The VLS better explains representational geometry for voice identities in the TVAs than the linear model.

a, Representational dissimilarity matrices (RDMs) of pairwise speaker dissimilarities for ∼135 identities (arranged by gender, cf. sidebars), according to LIN and VLS. b, Spearman correlation coefficients between the brain RDMs for A1, the 3 TVAs, and the 2 model RDMs. Error bars indicate the standard error of the mean (s.e.m) across brain-model correlations. c, Example of brain-model RDM correlation in the TVAs. The VLS RDM and the brain RDM yielding one of the highest correlations (LaTVA) are shown in the insert.

Reconstructing voice identity from brain recordings.

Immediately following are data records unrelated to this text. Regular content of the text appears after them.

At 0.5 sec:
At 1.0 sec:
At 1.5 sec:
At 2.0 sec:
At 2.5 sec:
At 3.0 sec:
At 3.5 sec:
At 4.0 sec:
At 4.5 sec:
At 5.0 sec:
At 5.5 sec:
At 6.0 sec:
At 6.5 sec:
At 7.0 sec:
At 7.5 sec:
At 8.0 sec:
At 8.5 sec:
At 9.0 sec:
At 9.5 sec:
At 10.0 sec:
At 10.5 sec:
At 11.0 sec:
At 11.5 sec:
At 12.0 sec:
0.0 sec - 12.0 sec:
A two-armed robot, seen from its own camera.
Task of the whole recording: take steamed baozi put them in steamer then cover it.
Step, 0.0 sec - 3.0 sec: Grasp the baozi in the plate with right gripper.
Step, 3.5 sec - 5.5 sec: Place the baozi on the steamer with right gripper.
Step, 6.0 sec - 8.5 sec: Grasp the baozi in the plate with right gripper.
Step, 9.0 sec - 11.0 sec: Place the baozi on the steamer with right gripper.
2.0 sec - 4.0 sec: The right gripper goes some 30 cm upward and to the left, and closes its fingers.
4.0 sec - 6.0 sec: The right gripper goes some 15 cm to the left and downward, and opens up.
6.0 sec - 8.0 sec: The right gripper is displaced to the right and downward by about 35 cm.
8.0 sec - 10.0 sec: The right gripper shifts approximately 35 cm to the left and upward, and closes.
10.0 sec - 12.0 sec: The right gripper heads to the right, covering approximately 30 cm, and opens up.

a, A linear voxel-based decoding model was used to predict the VLS coordinates of 18 Test Stimuli based on fMRI responses to ∼12,000 Train stimuli in the different ROIs. To reconstruct the audio stimuli from the brain recordings, the predicted VLS coordinates were then fed to the trained decoder to yield reconstructed spectrograms, synthesized into sound waveforms using the Griffin-Lim phase reconstruction algorithm (Griffin & Lim, 1983). b, Reconstructed spectrograms of the stimuli presented to the participants. The left panels show the spectrogram of example original stimuli reconstructed from the VLS, and the right panels show brain-reconstructed spectrograms via LIN and the VLS (cf. Supplementary Audio 2).

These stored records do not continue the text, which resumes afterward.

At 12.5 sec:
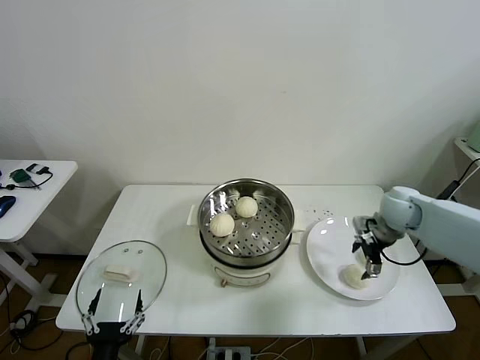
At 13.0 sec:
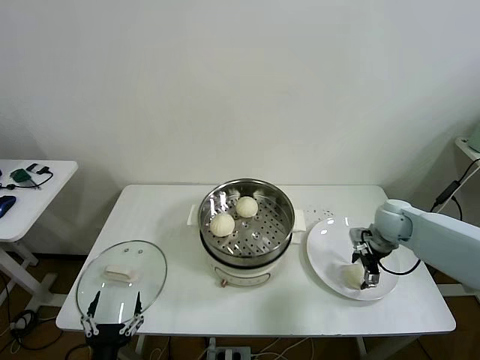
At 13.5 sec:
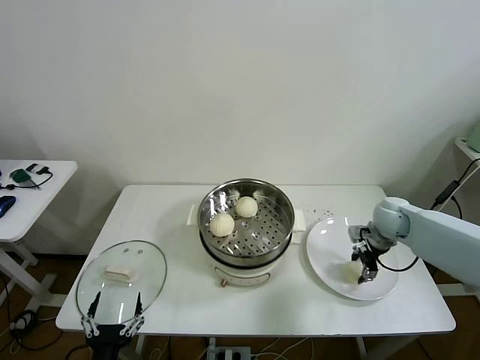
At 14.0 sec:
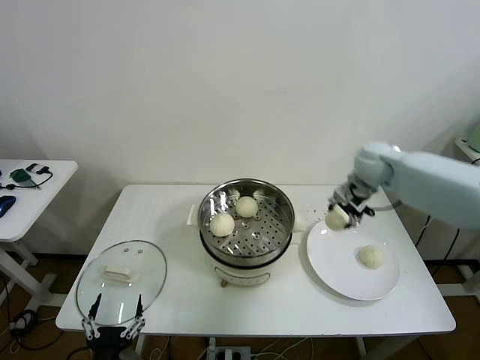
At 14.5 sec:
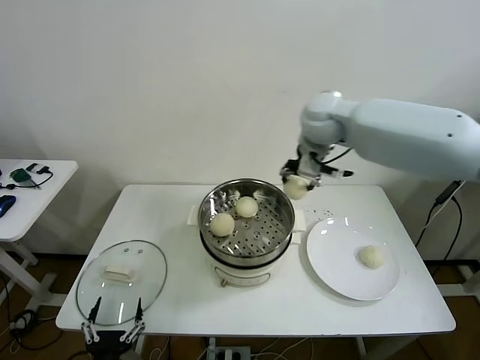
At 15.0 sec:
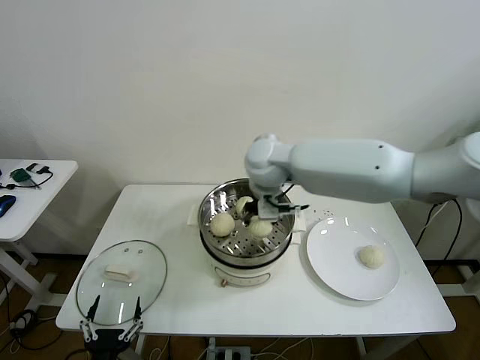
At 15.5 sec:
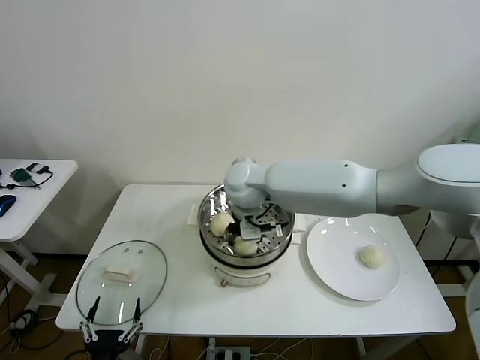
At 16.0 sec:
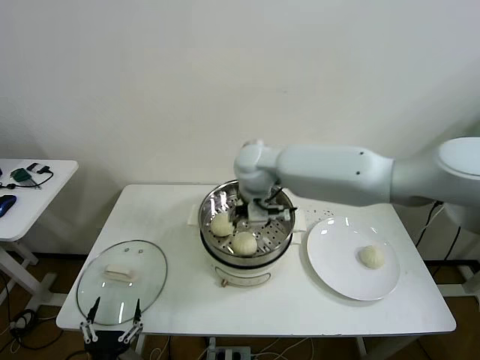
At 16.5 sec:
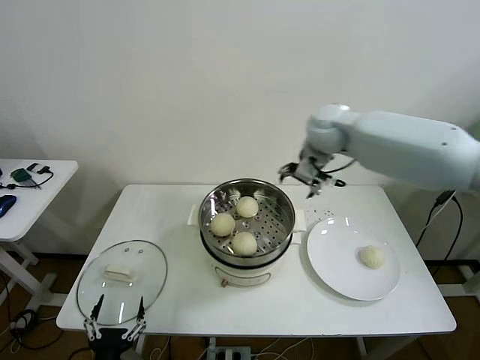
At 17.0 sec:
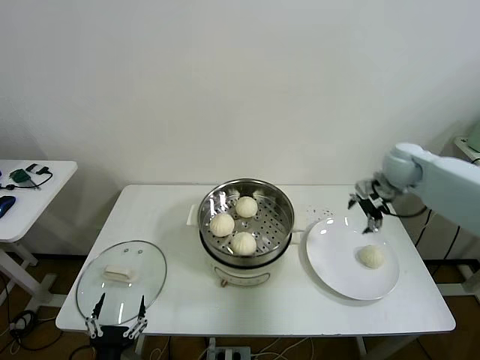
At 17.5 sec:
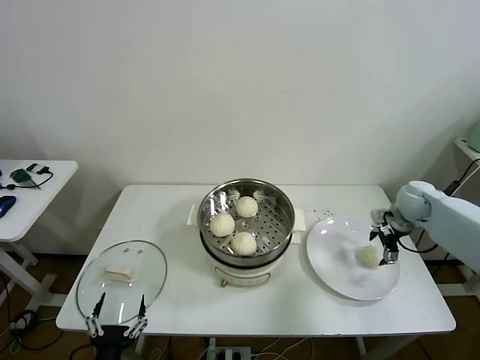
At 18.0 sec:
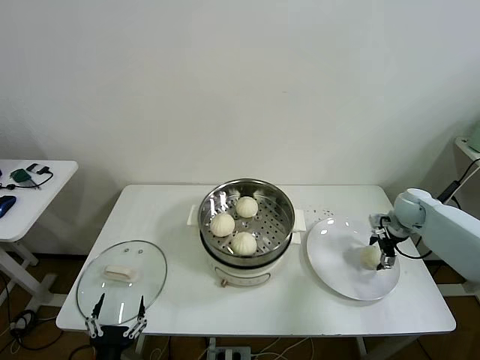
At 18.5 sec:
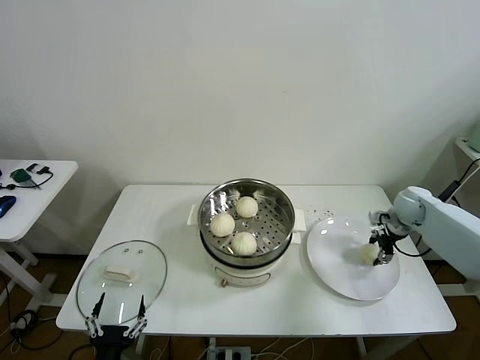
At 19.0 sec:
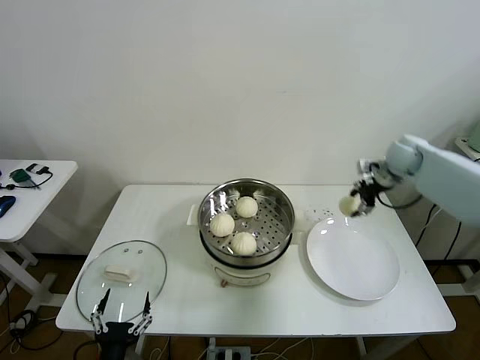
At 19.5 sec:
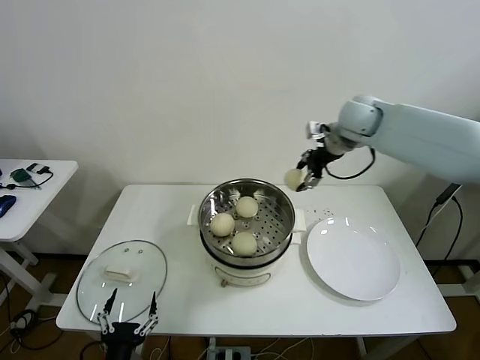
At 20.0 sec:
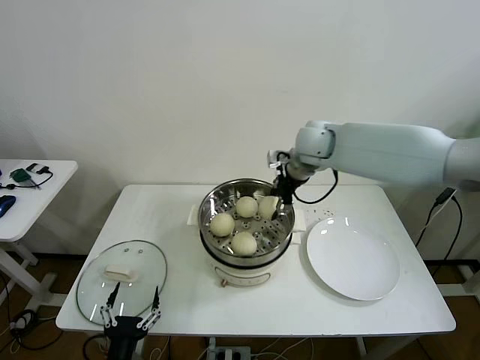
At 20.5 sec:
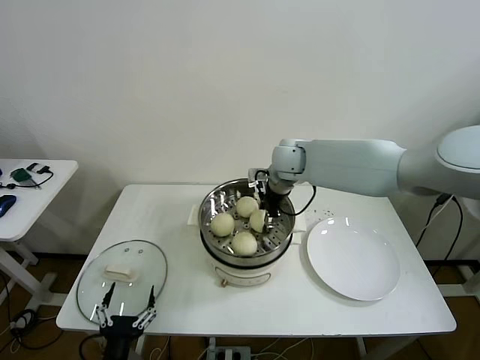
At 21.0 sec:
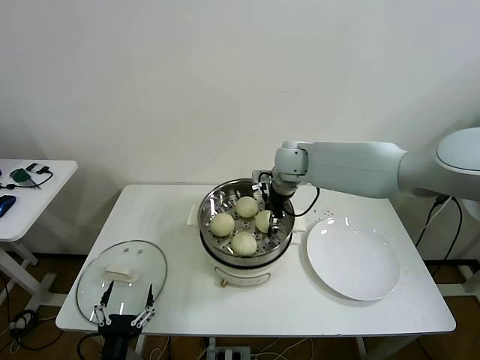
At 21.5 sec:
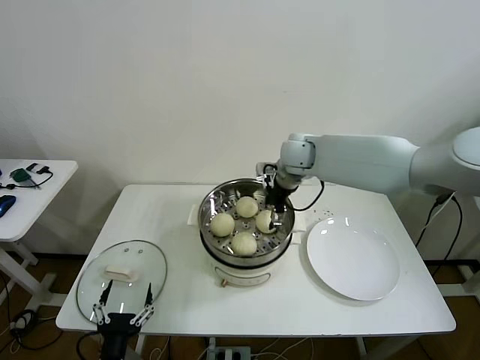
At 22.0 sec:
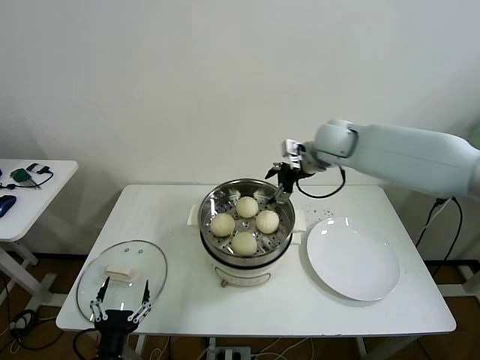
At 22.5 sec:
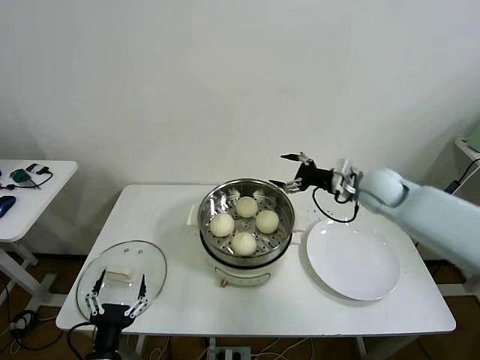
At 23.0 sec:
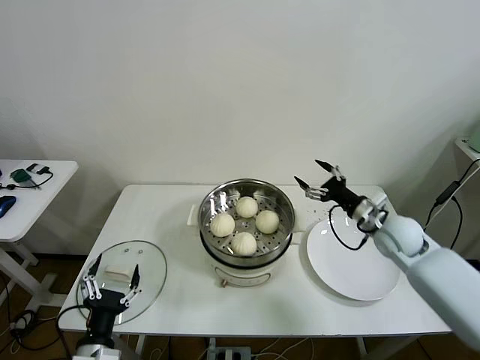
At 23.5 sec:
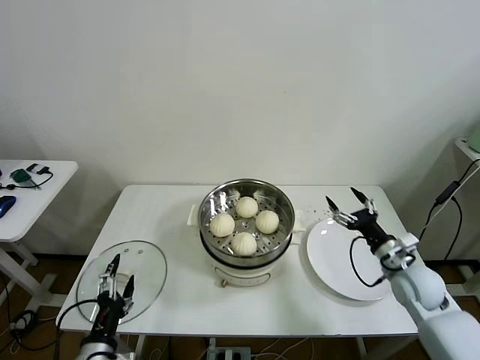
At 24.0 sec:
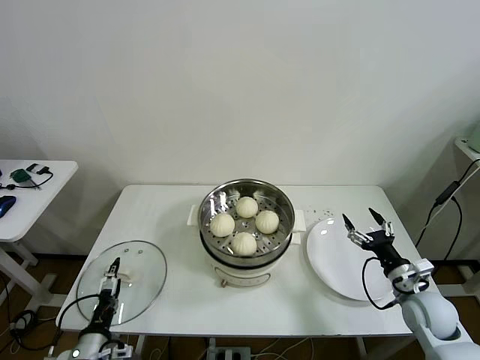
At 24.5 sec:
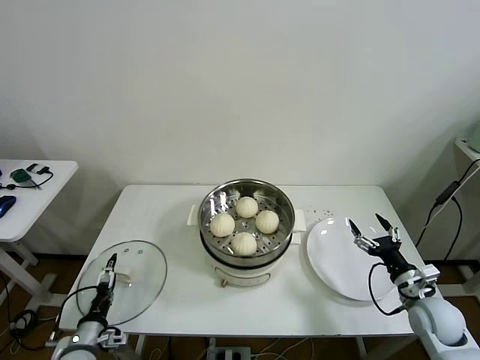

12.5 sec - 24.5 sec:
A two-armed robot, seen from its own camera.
Task of the whole recording: take steamed baozi put them in steamer then cover it.
Step, 13.5 sec - 15.5 sec: Place the baozi on the steamer with right gripper.
Step, 16.0 sec - 18.0 sec: Grasp the baozi in the plate with right gripper.
Step, 18.5 sec - 21.0 sec: Place the baozi on the steamer with right gripper.
12.5 sec - 14.5 sec: The right gripper is displaced to the left and upward by approximately 35 cm, and closes up.
14.5 sec - 16.5 sec: The right gripper travels to the right by approximately 10 cm, and opens up.
16.5 sec - 18.5 sec: The right gripper moves to the right and downward, some 30 cm, and closes.
18.5 sec - 20.5 sec: The right gripper goes approximately 35 cm to the left.
20.5 sec - 22.5 sec: The right gripper goes roughly 20 cm to the right, and opens its fingers.
22.5 sec - 24.5 sec: The right gripper goes approximately 30 cm backward, downward and to the right, while the left gripper heads to the left, forward and downward, covering about 15 cm.

Behavioural and machine classification of the reconstructed stimuli.

a,b,c, Decoding voice identity information in brain-reconstructed spectrograms. Performance of linear classifiers at categorizing speaker gender (chance level: 50%), age (chance level: 50%), and identity (17 identities, chance level: 5.88%). Error bars indicate s.e.m across 40 random classifier initializations per ROI (instance of classifiers; 2 hemispheres x 20 seeds). The horizontal black dashed line indicates the chance level. The blue and yellow dashed lines indicate the LIN and VLS ceiling levels, respectively. *p < .05; **p < .001, ***p < .001; ****p < .0001. d,e,f, Listener performance at categorizing speaker gender (chance level: 50%) and age (chance level: 50%), and at identity discrimination (2 forced choice task, chance level: 50%) in the brain-reconstructed stimuli. Error bars indicate s.e.m across participant scores. The horizontal black dashed line indicates the chance level, while the red, blue, and yellow dashed lines indicate the ceiling levels for the original stimuli, the LIN-reconstructed and the VLS-reconstructed, respectively. *p < .05; **p < .01; ***p < .001, ***p < .0001. g, Perceptual ratings of voice naturalness in the brain-reconstructed stimuli’ as assessed by human listeners, between 0 and 100 (zoomed between 5-80). *p < .05, ****p < .0001.